Bild: Im Tagesbericht des RKI vom Dienstag entfallen allein 259 neue Fälle auf…
Berlin taz | Anders als in den vergangenen Wochen ist die Zahl der
Corona-Neuinfektionen, die täglich beim [1][Robert-Koch-Institut (RKI)]
gemeldet werden, in dieser Woche kaum noch gesunken. Das zeigen die neusten
Fallzahlen des Instituts. Stattdessen hat sich der über 7 Tage gemittelte
Wert auf einem relativ konstanten Niveau von 900 bis 1.000 Fällen pro Tag
eingependelt.

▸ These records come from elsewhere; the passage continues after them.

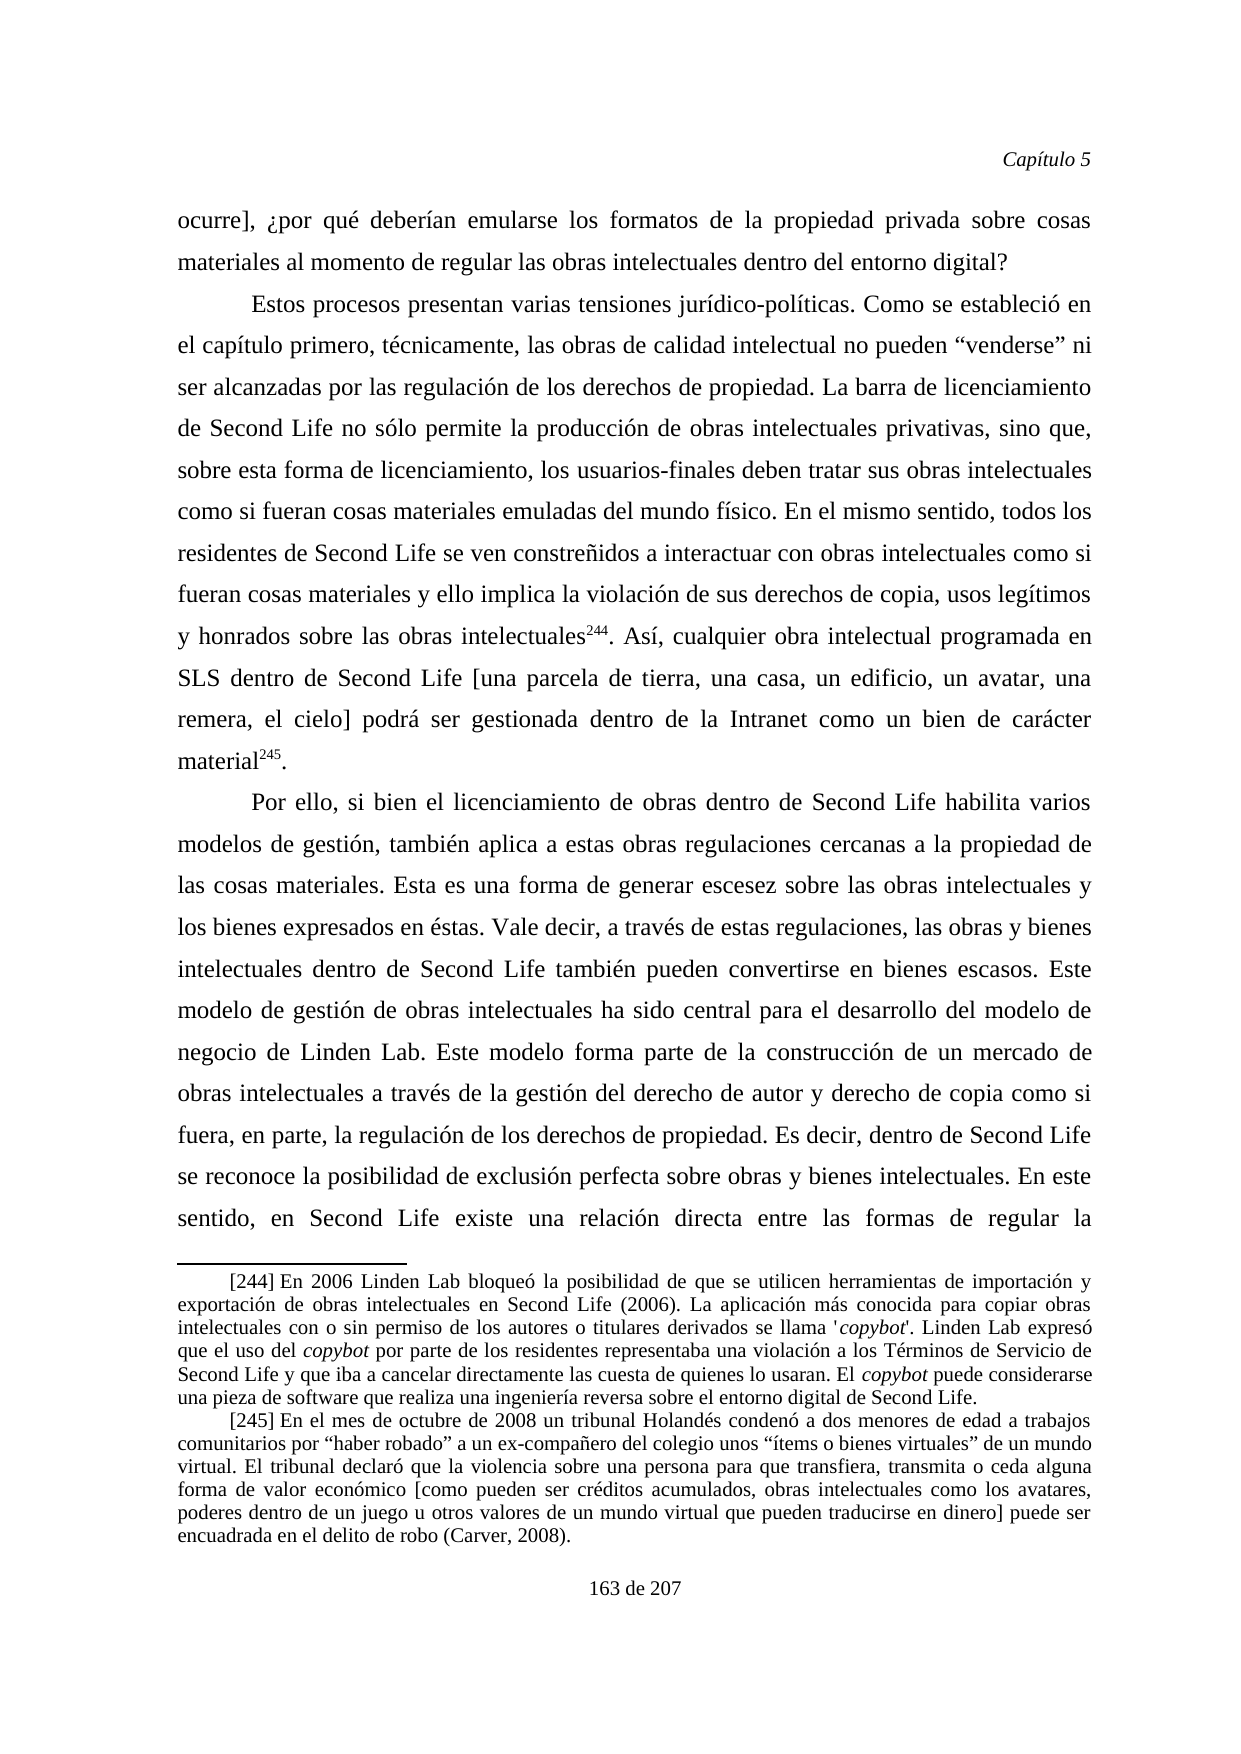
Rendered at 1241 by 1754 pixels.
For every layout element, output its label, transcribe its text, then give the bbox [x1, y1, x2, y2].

text En el mes de octubre de 2008 un tribunal Holandés condenó a dos menores de edad a trabajos comunitarios por “haber robado” a un ex-compañero del colegio unos “ítems o bienes virtuales” de un mundo virtual. El tribunal declaró que la violencia sobre una persona para que transfiera, transmita o ceda alguna forma de valor económico [como pueden ser créditos acumulados, obras intelectuales como los avatares, poderes dentro de un juego u otros valores de un mundo virtual que pueden traducirse en dinero] puede ser encuadrada en el delito de robo (Carver, 2008). [177, 1409, 1093, 1547]
text Por ello, si bien el licenciamiento de obras dentro de Second Life habilita varios modelos de gestión, también aplica a estas obras regulaciones cercanas a la propiedad de las cosas materiales. Esta es una forma de generar escesez sobre las obras intelectuales y los bienes expresados en éstas. Vale decir, a través de estas regulaciones, las obras y bienes intelectuales dentro de Second Life también pueden convertirse en bienes escasos. Este modelo de gestión de obras intelectuales ha sido central para el desarrollo del modelo de negocio de Linden Lab. Este modelo forma parte de la construcción de un mercado de obras intelectuales a través de la gestión del derecho de autor y derecho de copia como si fuera, en parte, la regulación de los derechos de propiedad. Es decir, dentro de Second Life se reconoce la posibilidad de exclusión perfecta sobre obras y bienes intelectuales. En este sentido, en Second Life existe una relación directa entre las formas de regular la [177, 788, 1093, 1232]
text Estos procesos presentan varias tensiones jurídico-políticas. Como se estableció en el capítulo primero, técnicamente, las obras de calidad intelectual no pueden “venderse” ni ser alcanzadas por las regulación de los derechos de propiedad. La barra de licenciamiento de Second Life no sólo permite la producción de obras intelectuales privativas, sino que, sobre esta forma de licenciamiento, los usuarios-finales deben tratar sus obras intelectuales como si fueran cosas materiales emuladas del mundo físico. En el mismo sentido, todos los residentes de Second Life se ven constreñidos a interactuar con obras intelectuales como si fueran cosas materiales y ello implica la violación de sus derechos de copia, usos legítimos y honrados sobre las obras intelectuales. Así, cualquier obra intelectual programada en SLS dentro de Second Life [una parcela de tierra, una casa, un edificio, un avatar, una remera, el cielo] podrá ser gestionada dentro de la Intranet como un bien de carácter material. [177, 290, 1093, 774]
text En 2006 Linden Lab bloqueó la posibilidad de que se utilicen herramientas de importación y exportación de obras intelectuales en Second Life (2006). La aplicación más conocida para copiar obras intelectuales con o sin permiso de los autores o titulares derivados se llama 'copybot'. Linden Lab expresó que el uso del copybot por parte de los residentes representaba una violación a los Términos de Servicio de Second Life y que iba a cancelar directamente las cuesta de quienes lo usaran. El copybot puede considerarse una pieza de software que realiza una ingeniería reversa sobre el entorno digital de Second Life. [177, 1270, 1093, 1409]
text ocurre], ¿por qué deberían emularse los formatos de la propiedad privada sobre cosas materiales al momento de regular las obras intelectuales dentro del entorno digital? [177, 207, 1093, 276]

Die Reproduktionszahl, die angibt, wie viele weitere Menschen
jeder Infizierte im Schnitt ansteckt, schwankte in den letzten Tagen um den
Wert von 1.
„Wir nähern uns einem Plateau der täglichen Fallzahlen an“, erklärte
RKI-Vizepräsident Lars Schaade am Dienstag in seiner Pressekonferenz. Ob
die Zahl von rund 1.000 Neuinfektionen am Tag eine erträgliche
Größenordnung ist, darüber gibt es allerdings unterschiedliche Ansichten –
offenbar auch innerhalb des Robert-Koch-Instituts. Als entscheidend gilt,
ob die Gesundheitsämter in der Lage sind, für alle neuen Fälle die engen
Kontakte zu ermitteln, um sie in Quarantäne zu schicken oder testen zu
können.
Auf die Frage, wo diese Grenze liege, hatte RKI-Vizepräsident Schaade am
24. April noch gesagt, dafür sei erforderlich, „dass diese Fallzahlen auf
wenige hundert pro Tag sinken“. Nur vier Tage später antwortete
RKI-Präsident Lothar Wieler auf die gleiche Frage, er würde „grob von einer
Zahl von 1000 ausgehen“ – was genau jenem Wert entspricht, der erreicht
war, als die Politik [2][weitreichende Lockerungen] der Corona-Maßnahmen
beschlossen hat.
Eine echte Erklärung für diesen Unterschied gibt es nicht. „Das ist
letztlich eine Einschätzungsfrage“, erklärte Schaade am Dienstag –
verbunden mit der Behauptung, wenige hundert und 1000 seien „nicht so weit
auseinander, dass das nun als echter Widerspruch interpretiert werden
kann“.
ifo-Institut gegen zu schnelle Lockerung
Zu einer anderen Einschätzung kommt das Helmholtz-Institut für
Infektionsforschung in einer gemeinsamen Studie mit dem ifo-Institut für
Wirtschaftsforschung, die am Mittwoch veröffentlicht wurde ([3][hier als
pdf]). In dieser wird gefordert, „die Zahl der Neuinfektionen auf rund 300
Fälle pro Tag zu reduzieren“. Erst dann könne davon ausgegangen werden,
dass die Gesundheitsämter in der Lage sind, alle Kontaktpersonen zu
identifizieren.
Helmholtz- und ifo-Institut plädieren deshalb gemeinsam dafür, zunächst nur
leichte, schrittweise Lockerungen der Corona-Beschränkungen vorzunehmen. So
könne die Reproduktionszahl bei 0,75 gehalten werden, bis die Zahl der
täglichen Neuinfektionen auf 300 gesunken ist. Das sei nicht nur aus
gesundheitlicher Sicht vorteilhaft, sondern auch aus ökonomischer.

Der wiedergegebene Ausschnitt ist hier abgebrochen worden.